For those hearing about Vivo Energy Uganda for the first time, we shall bring you up to speed. The company holds the licence to offer Shell’s products and services across the African continent.
And while their focus should be fuel or oil, Vivo Energy Uganda has been at the forefront of teaching road safety to children and equally has environment as one of the key pillars of its corporate social responsibility initiatives. Last year, the energy company launched a road safety education programme in which they trained thousands of school children and Boda boda riders on safe road usage.
And in a move to ease their campaigns among children, Vivo Energy Uganda earlier this week joined Nema and NFA to support Uganda’s Little Hands Go Green on their upcoming second Kid’s Climate Change Conference. The annual conference, which was launched last year is a major event during which over 250 child delegates representing 30 key schools in Uganda will come together to present ideas on how the environment can best be preserved.

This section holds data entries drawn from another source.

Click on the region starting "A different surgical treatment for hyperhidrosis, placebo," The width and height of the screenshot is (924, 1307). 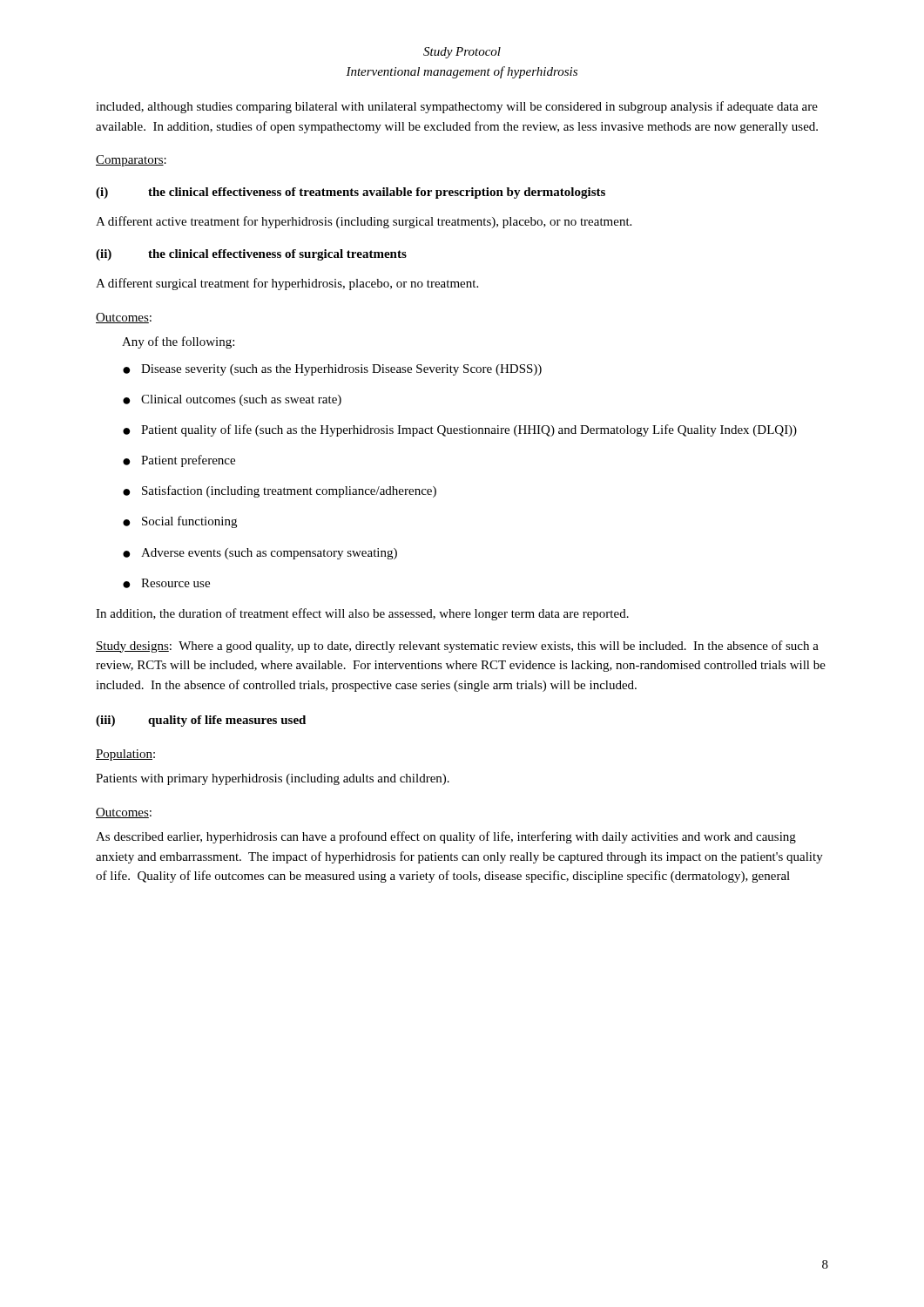click(x=287, y=283)
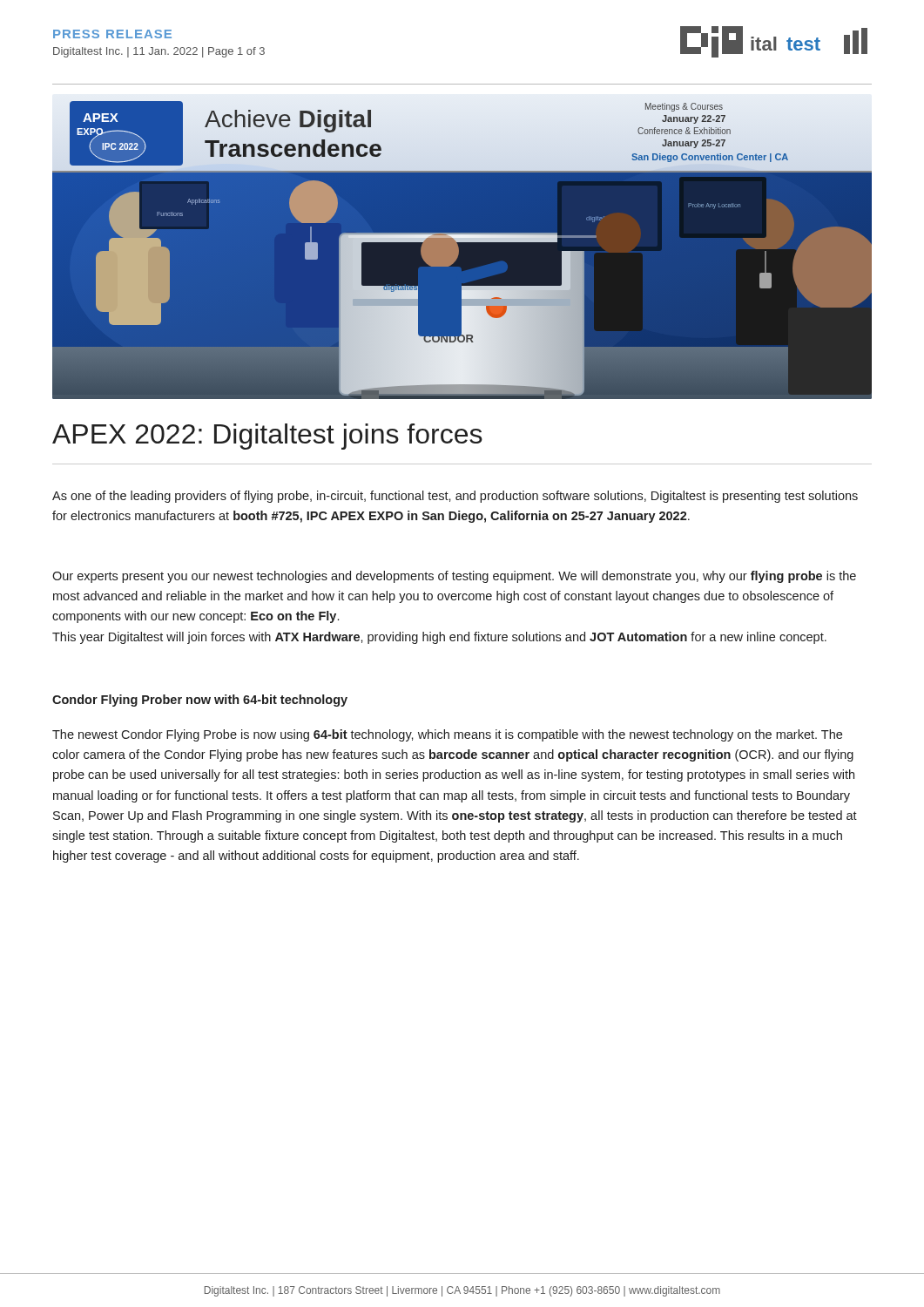The width and height of the screenshot is (924, 1307).
Task: Click where it says "Condor Flying Prober now with 64-bit technology"
Action: pyautogui.click(x=200, y=700)
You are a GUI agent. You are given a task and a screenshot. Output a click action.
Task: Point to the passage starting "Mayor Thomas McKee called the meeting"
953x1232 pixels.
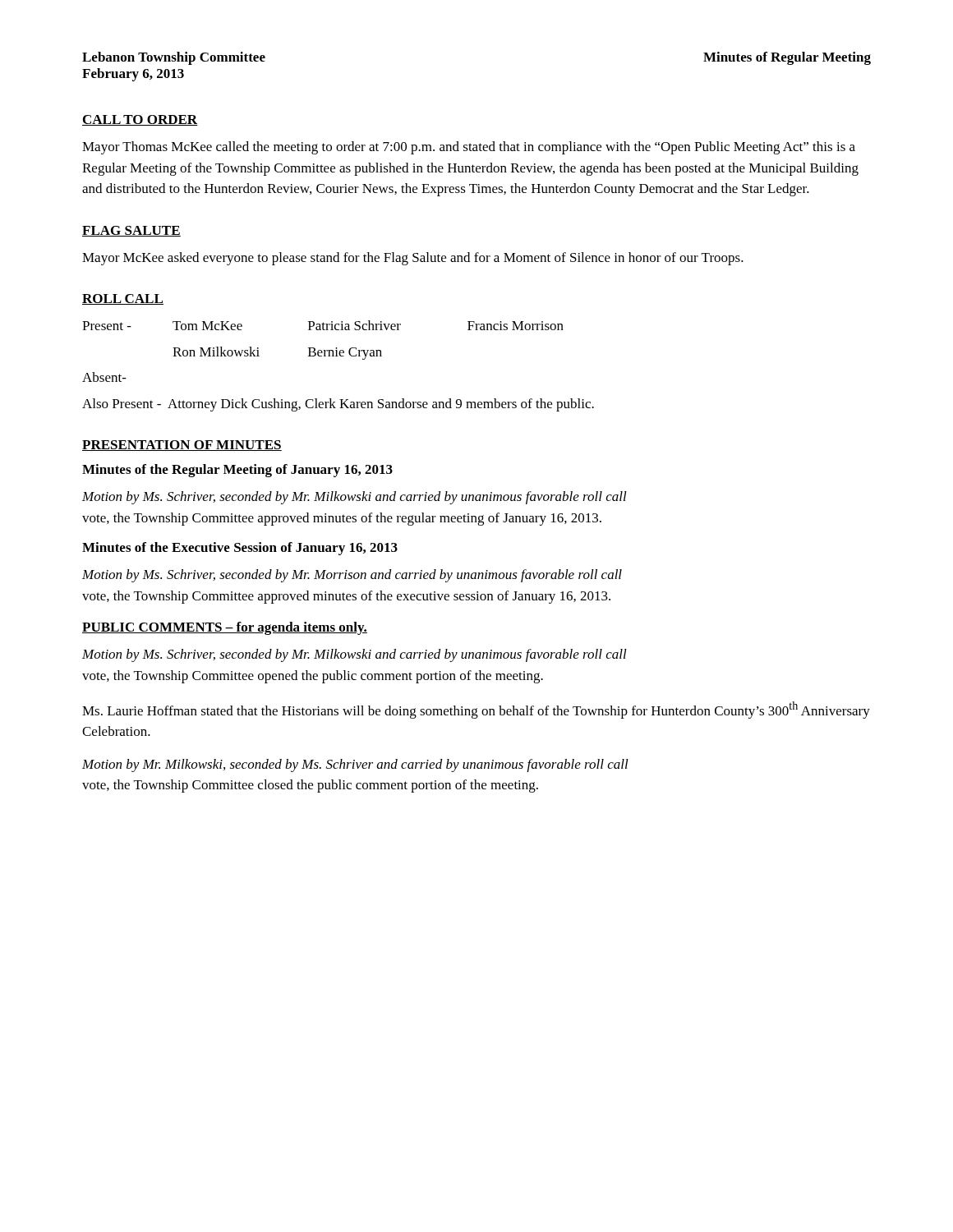click(470, 168)
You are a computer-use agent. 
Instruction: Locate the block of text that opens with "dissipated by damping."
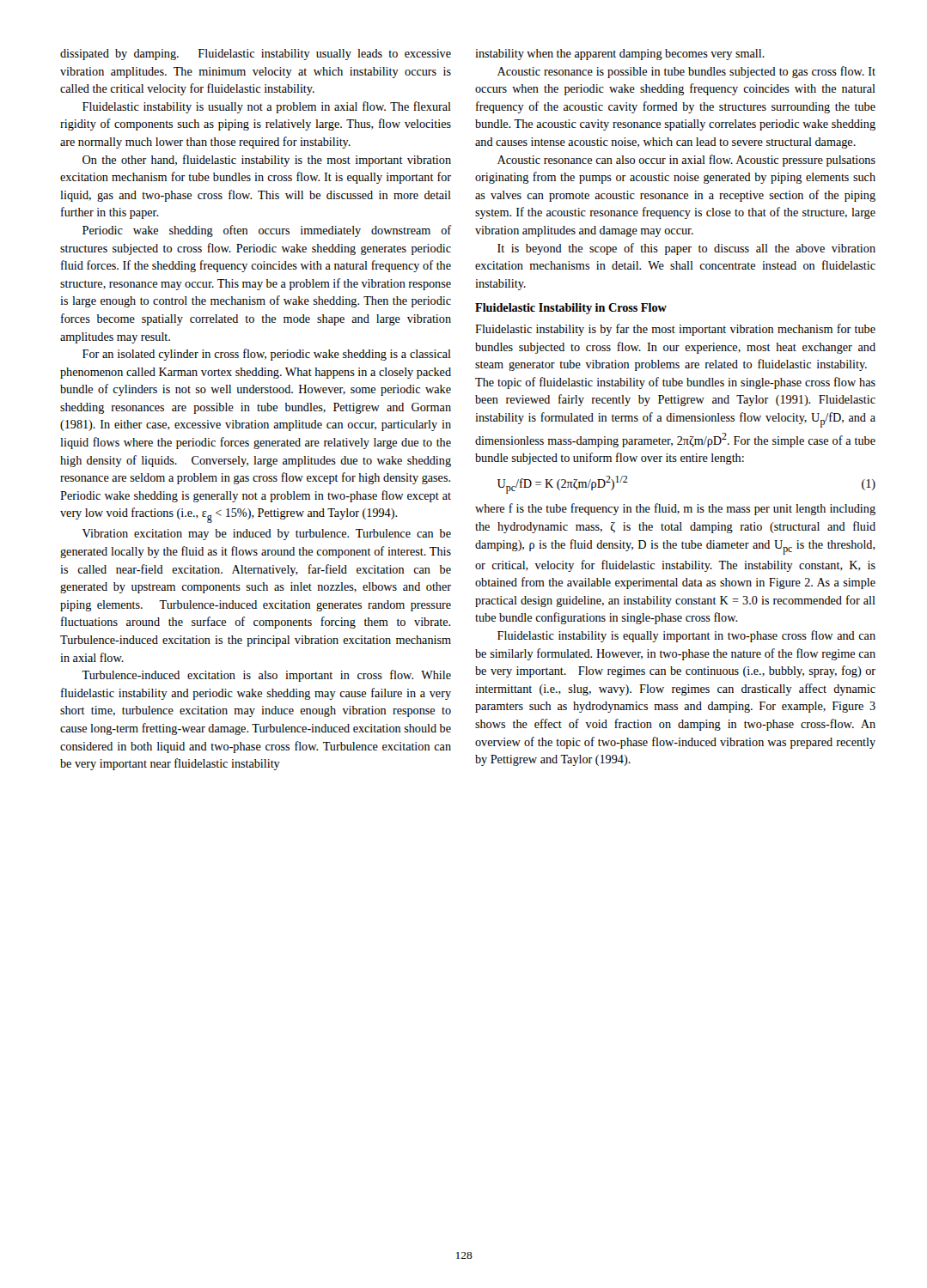[x=256, y=409]
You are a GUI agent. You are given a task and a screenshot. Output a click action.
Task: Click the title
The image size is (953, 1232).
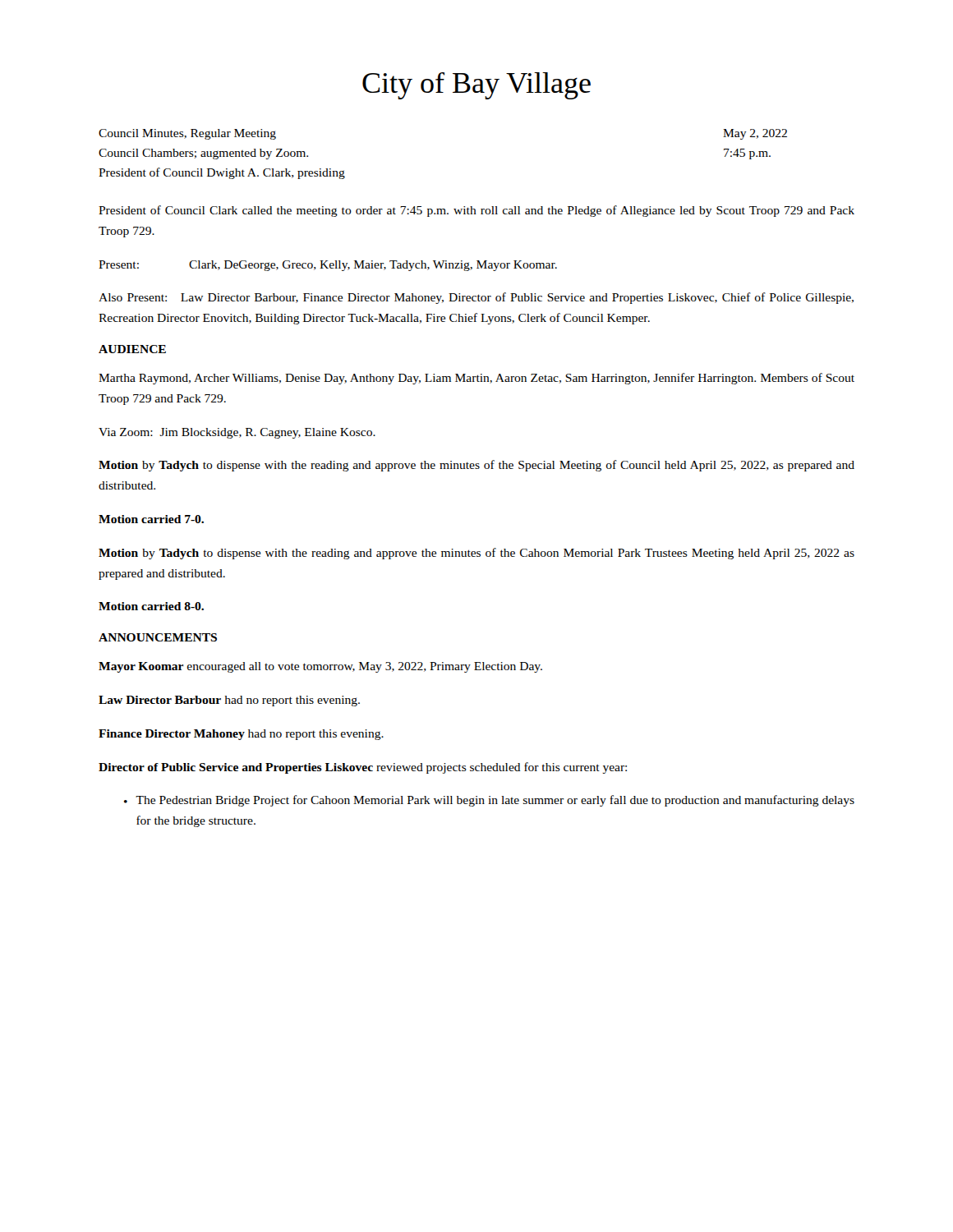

“Ours is to instill into children the idea that growing up and taking care of their environment is their own responsibility. For an organisation of Vivo Energy’s stature joining the cause gives us more hope that the children’s voices really matter. I would like to thank Vivo Energy Uganda for joining us in this struggle to empower out children to be the future custodians of our environment,” Joseph Masembe, the CEO Uganda’s Little Hands Go Green (pictured) told us.
Masembe was however tightlipped about the details of the financial injection by Vivo Energy Uganda. The second annual kids’ climate change conference will take place on the Earth Day on April 22, at the Sheraton Kampala Hotel.